What to produce: Every line from the one that includes "For this 1371x928" to the end of the entries should be written out exactly, with the first and last included.

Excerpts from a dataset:
_ _ _ _ _ _ _

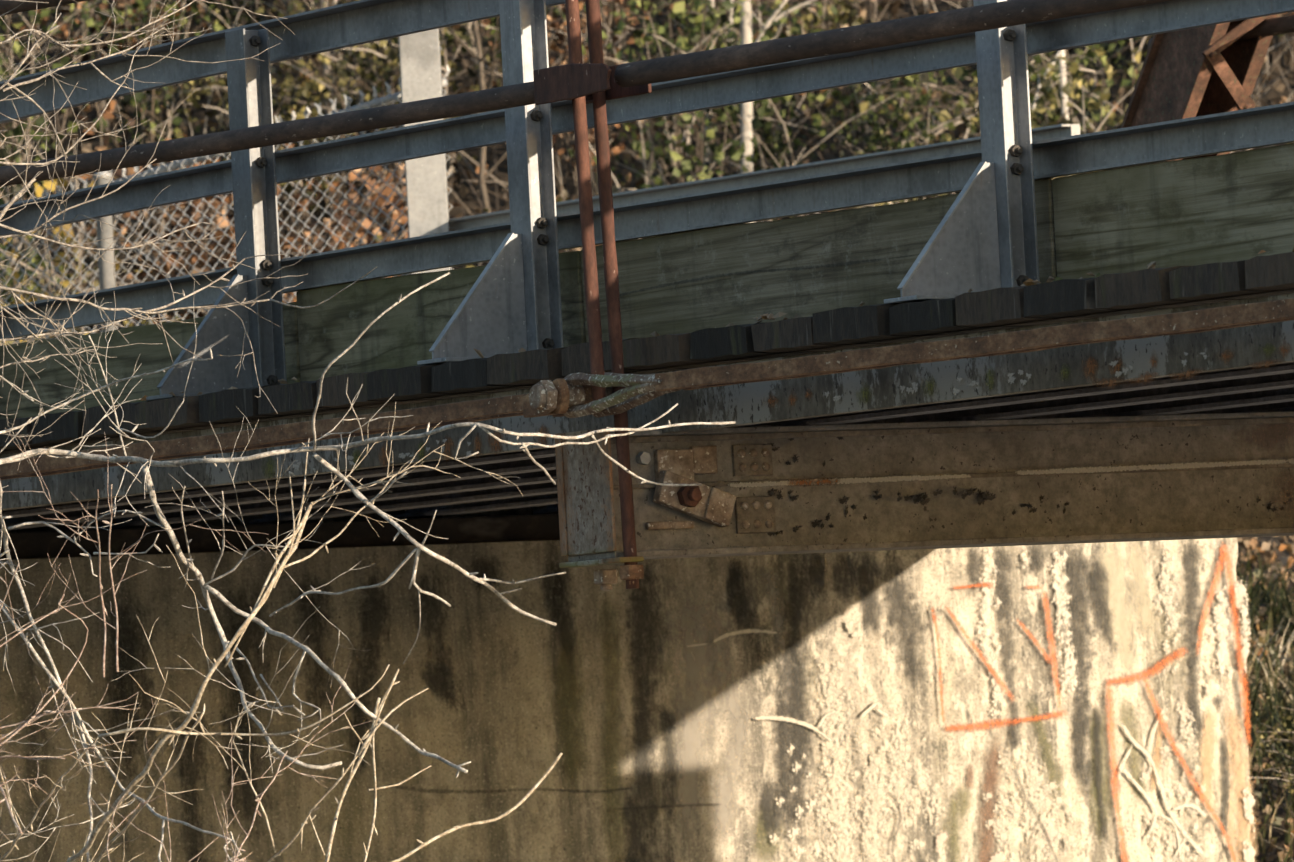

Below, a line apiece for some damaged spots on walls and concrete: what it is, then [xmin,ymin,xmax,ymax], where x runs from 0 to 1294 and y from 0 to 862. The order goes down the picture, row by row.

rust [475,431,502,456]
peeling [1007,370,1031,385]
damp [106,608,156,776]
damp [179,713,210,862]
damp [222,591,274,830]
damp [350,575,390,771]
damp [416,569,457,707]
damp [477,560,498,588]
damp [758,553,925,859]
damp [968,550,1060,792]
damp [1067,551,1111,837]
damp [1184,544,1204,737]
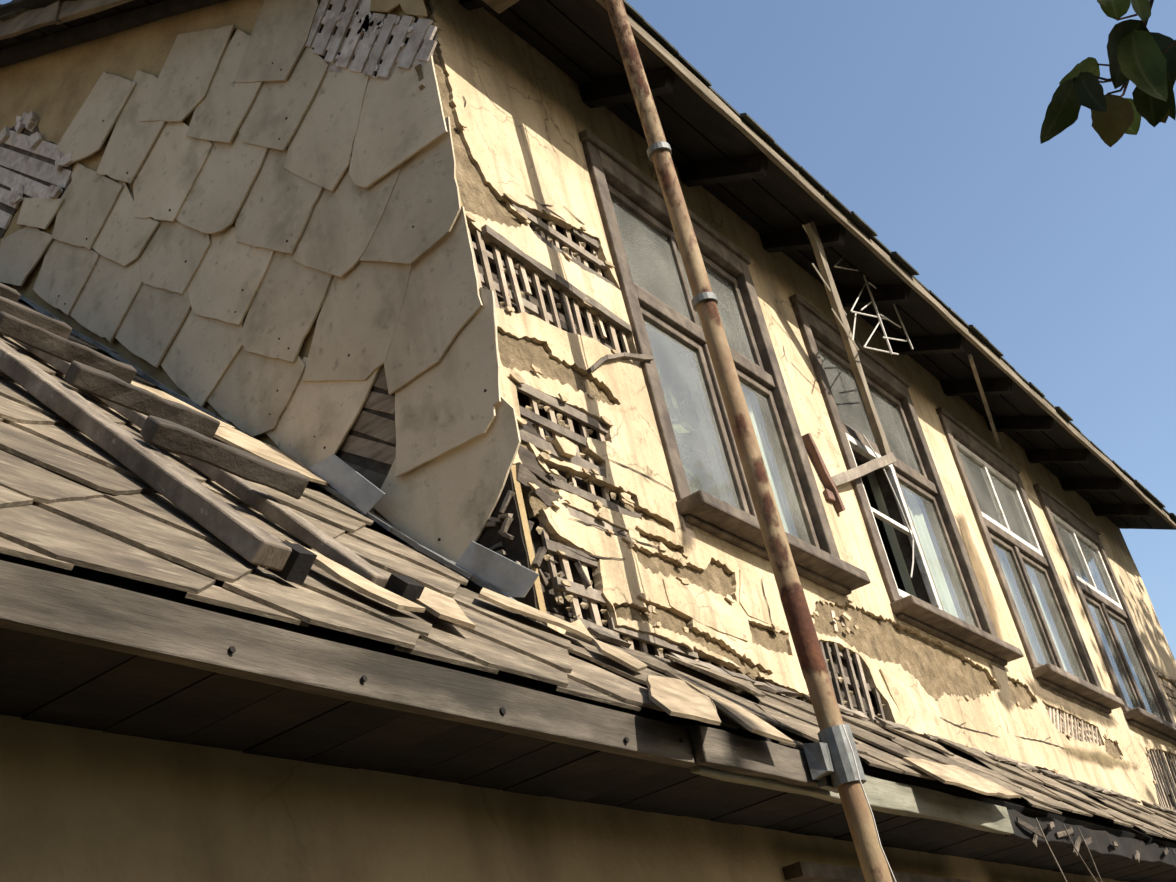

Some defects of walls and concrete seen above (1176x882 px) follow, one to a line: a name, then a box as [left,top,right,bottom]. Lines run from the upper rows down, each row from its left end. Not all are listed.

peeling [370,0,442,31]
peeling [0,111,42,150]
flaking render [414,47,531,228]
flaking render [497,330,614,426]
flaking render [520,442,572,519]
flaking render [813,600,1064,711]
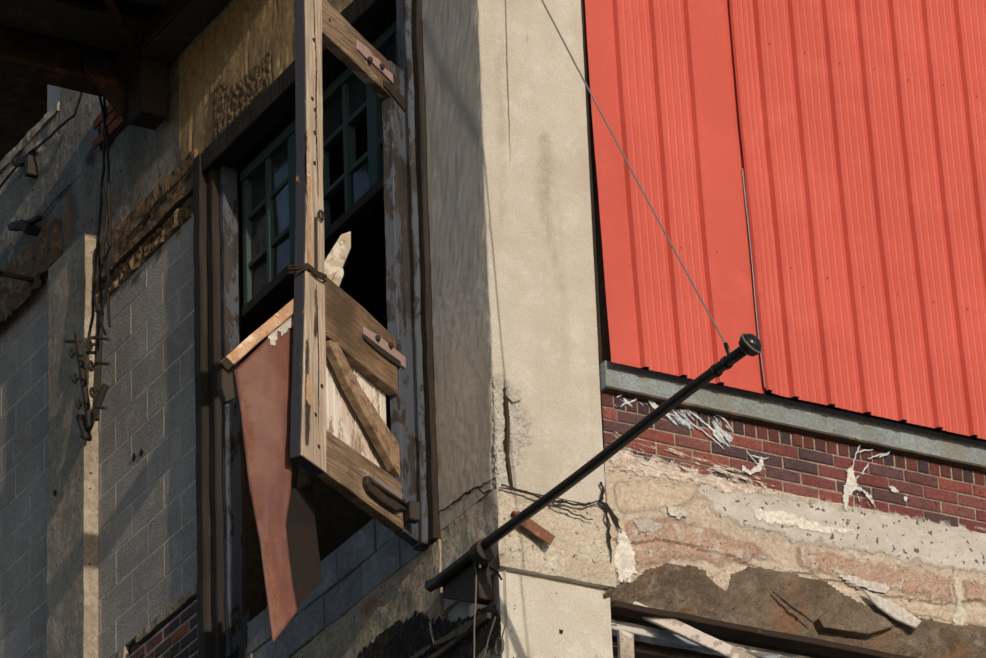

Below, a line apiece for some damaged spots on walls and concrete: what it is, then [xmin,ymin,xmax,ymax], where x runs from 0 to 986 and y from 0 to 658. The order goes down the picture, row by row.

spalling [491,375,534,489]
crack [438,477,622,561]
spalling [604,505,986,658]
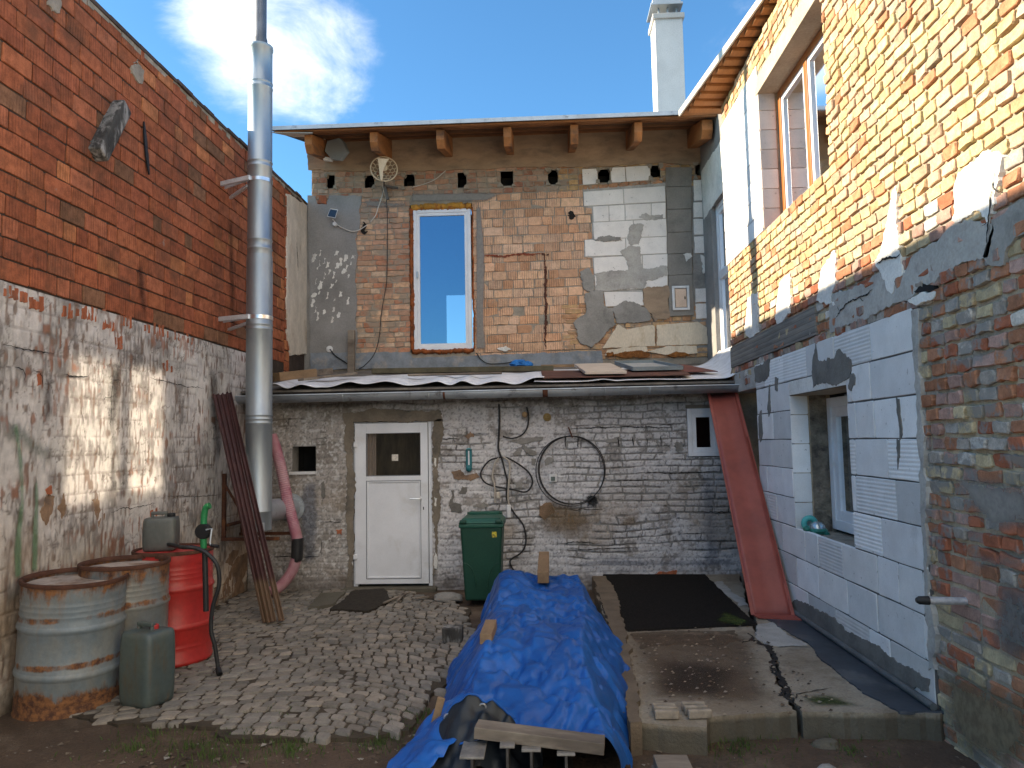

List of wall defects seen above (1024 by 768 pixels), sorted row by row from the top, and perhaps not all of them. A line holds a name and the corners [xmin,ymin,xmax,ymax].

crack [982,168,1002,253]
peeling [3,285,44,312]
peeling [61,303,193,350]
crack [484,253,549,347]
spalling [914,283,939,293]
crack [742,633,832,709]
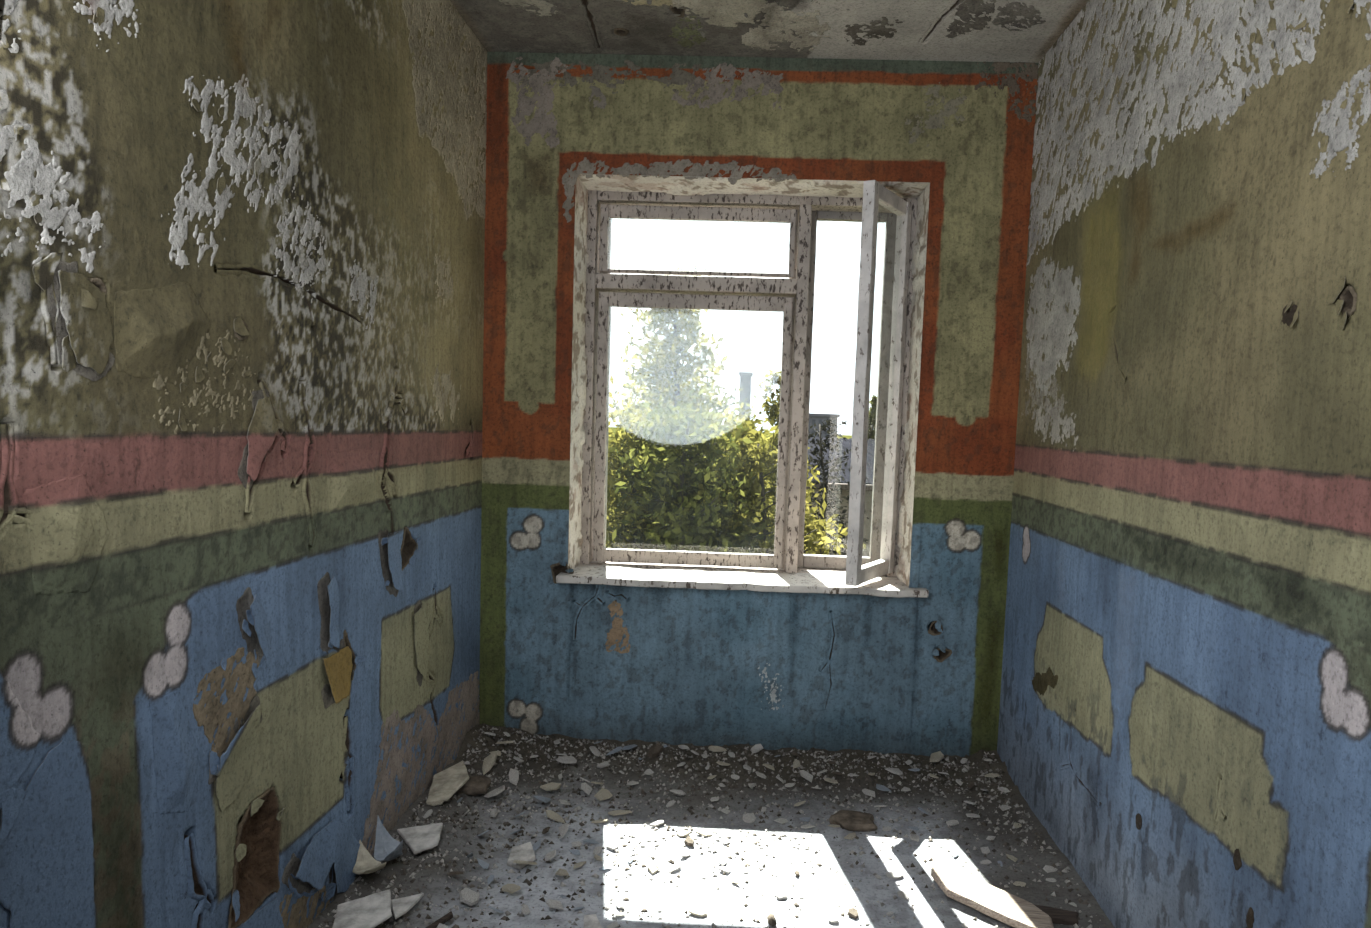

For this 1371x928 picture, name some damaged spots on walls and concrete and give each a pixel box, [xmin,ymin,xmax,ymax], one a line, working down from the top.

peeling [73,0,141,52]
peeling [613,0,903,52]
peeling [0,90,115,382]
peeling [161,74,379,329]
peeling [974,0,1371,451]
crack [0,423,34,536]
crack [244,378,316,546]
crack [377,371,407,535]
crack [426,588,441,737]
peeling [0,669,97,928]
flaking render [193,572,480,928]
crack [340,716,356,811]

_ _ _ _ _ _ _

Answer to the problem:
For this 1371x928 picture, name some damaged spots on walls and concrete and give each a pixel box, [xmin,ymin,xmax,ymax], one a line, working down from the top.

peeling [73,0,141,52]
peeling [613,0,903,52]
peeling [0,90,115,382]
peeling [161,74,379,329]
peeling [974,0,1371,451]
crack [0,423,34,536]
crack [244,378,316,546]
crack [377,371,407,535]
crack [426,588,441,737]
peeling [0,669,97,928]
flaking render [193,572,480,928]
crack [340,716,356,811]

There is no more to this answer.